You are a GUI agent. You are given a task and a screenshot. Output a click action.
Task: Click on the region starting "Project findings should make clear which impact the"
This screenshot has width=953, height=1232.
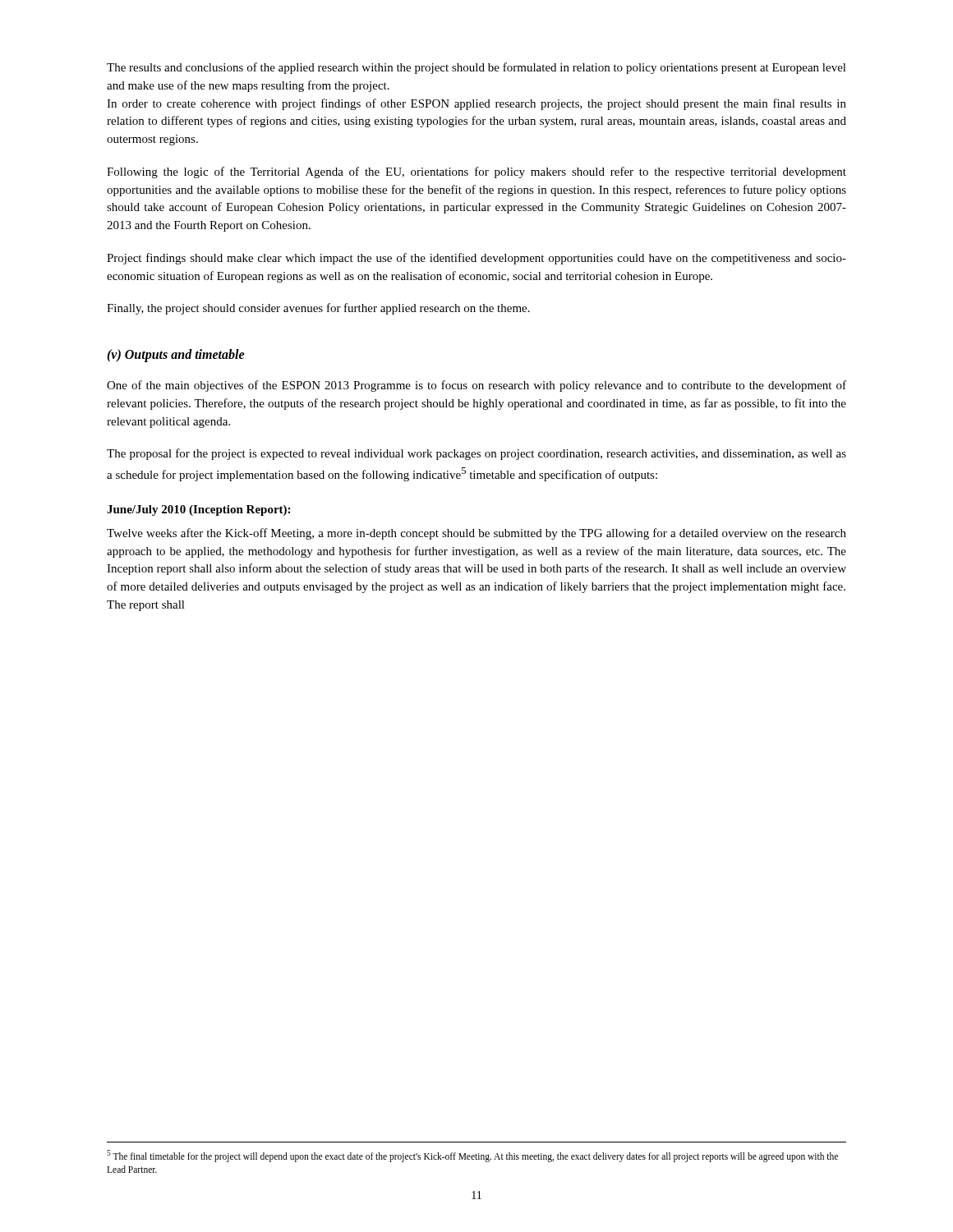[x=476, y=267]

——

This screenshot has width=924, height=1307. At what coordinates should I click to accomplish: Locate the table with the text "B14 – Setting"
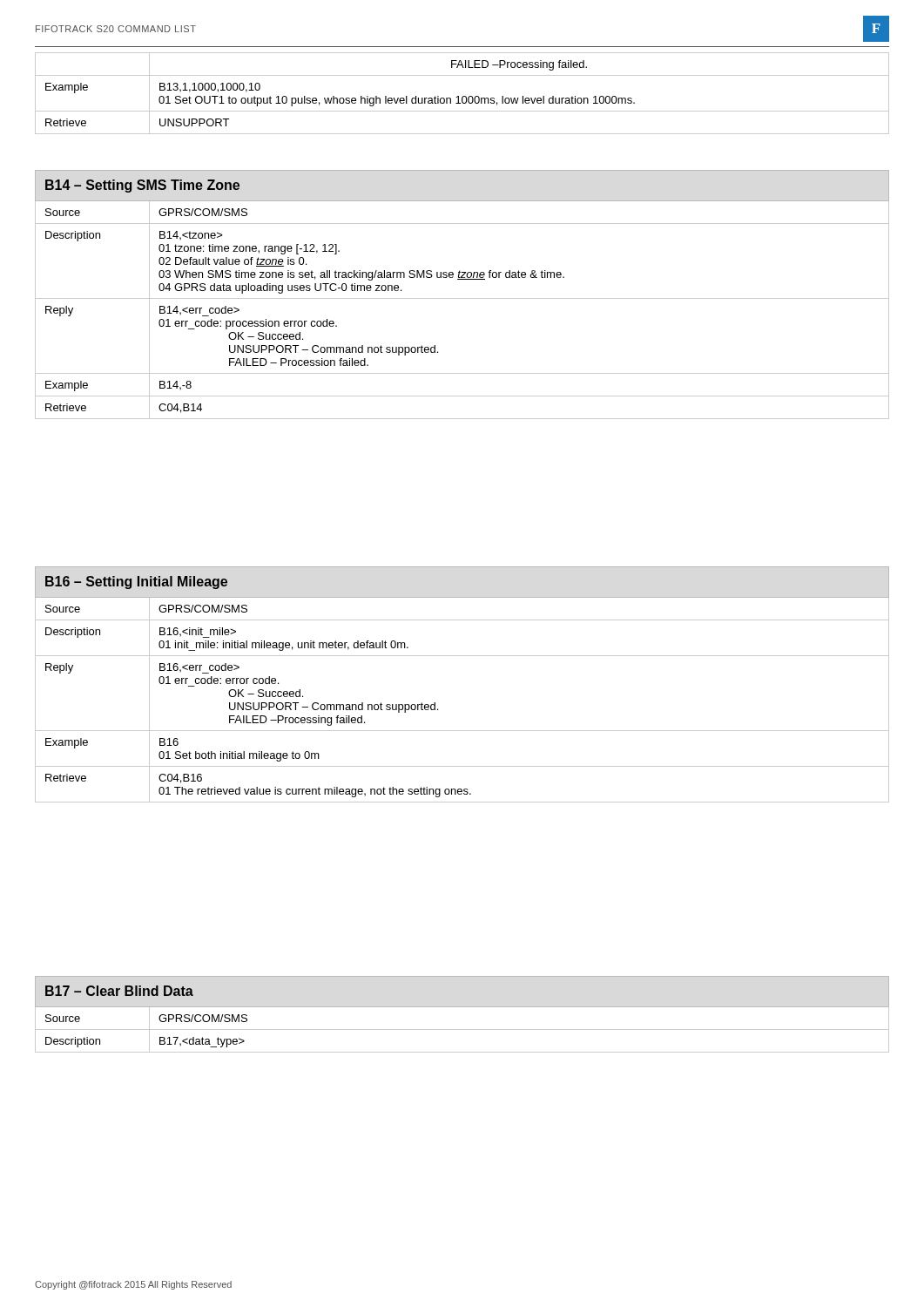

——

→ **To do**
If a line in the records above contains the word "should", copy it.

→ **Result of the task**
Task: Click on the region starting "Project findings should make clear which impact the"
This screenshot has width=924, height=1307. At what coordinates should I click to accomplish: Locate the table with the text "B14 – Setting"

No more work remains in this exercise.